START Material for the task

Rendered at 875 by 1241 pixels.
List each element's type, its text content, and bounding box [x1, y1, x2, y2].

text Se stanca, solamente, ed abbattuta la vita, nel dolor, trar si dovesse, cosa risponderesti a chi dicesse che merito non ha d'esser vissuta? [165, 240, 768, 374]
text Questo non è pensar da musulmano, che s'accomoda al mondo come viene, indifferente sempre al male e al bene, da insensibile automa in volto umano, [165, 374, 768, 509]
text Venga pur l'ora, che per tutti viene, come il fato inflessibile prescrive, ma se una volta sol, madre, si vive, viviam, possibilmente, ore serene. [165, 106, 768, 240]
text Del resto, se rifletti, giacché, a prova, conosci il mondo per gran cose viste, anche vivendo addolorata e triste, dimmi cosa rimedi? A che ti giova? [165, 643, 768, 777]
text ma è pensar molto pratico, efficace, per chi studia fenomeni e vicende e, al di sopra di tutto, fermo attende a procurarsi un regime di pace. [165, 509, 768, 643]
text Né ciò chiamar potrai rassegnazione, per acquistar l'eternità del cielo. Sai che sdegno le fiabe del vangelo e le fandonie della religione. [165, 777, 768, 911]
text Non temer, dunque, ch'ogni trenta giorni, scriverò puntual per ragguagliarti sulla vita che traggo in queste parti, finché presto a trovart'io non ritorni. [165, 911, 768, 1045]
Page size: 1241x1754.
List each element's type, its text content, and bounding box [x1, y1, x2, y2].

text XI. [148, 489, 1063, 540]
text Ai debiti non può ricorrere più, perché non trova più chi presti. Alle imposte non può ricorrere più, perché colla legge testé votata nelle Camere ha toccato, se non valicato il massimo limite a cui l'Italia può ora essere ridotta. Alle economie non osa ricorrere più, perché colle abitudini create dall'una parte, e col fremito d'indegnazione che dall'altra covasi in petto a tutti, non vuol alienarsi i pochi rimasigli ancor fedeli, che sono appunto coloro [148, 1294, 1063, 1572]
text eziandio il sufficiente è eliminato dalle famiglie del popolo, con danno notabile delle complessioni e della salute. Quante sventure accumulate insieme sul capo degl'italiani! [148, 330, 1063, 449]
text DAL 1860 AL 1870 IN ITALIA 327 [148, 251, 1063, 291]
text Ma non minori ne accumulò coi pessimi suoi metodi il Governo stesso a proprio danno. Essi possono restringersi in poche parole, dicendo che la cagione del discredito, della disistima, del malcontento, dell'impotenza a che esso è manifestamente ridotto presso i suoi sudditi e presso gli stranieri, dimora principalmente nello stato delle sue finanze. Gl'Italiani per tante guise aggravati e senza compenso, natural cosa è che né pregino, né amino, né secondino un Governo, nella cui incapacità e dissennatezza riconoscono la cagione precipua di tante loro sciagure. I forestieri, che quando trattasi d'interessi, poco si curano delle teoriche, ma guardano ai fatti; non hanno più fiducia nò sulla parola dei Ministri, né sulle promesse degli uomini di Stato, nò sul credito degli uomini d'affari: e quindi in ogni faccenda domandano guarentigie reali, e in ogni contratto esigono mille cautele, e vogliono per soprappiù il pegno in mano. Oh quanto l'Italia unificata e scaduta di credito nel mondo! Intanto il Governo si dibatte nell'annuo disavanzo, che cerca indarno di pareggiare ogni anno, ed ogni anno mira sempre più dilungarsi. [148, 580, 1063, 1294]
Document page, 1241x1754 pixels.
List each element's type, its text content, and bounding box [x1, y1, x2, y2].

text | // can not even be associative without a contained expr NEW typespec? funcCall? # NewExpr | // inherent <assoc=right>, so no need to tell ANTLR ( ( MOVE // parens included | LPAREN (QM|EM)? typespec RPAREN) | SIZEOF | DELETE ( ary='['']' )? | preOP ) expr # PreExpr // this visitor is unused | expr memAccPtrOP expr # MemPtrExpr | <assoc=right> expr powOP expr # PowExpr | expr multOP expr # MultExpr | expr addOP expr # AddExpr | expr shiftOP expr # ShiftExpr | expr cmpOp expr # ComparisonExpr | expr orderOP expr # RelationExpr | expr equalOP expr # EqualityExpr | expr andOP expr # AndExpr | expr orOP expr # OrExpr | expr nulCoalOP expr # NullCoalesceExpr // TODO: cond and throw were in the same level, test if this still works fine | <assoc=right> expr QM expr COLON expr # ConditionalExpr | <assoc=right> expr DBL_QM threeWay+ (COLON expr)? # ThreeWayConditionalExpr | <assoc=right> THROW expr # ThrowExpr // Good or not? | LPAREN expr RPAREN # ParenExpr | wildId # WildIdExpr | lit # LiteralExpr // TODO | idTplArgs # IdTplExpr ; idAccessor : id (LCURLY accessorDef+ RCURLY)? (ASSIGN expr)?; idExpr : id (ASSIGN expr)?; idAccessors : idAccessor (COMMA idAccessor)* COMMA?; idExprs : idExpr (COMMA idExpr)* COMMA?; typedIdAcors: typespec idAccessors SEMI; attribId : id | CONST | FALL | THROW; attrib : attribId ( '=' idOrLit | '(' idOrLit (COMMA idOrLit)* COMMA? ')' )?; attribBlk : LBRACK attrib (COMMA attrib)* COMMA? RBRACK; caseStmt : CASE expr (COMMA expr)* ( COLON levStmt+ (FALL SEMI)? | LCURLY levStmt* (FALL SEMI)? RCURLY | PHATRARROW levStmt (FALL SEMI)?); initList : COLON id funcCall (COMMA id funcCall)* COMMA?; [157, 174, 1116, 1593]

END Material for the task

• _What the task asks_
Extract every line containing the string "viene" from the material.

• _Solution to this exercise_
text Questo non è pensar da musulmano, che s'accomoda al mondo come viene, indifferente sempre al male e al bene, da insensibile automa in volto umano, [165, 374, 768, 509]
text Venga pur l'ora, che per tutti viene, come il fato inflessibile prescrive, ma se una volta sol, madre, si vive, viviam, possibilmente, ore serene. [165, 106, 768, 240]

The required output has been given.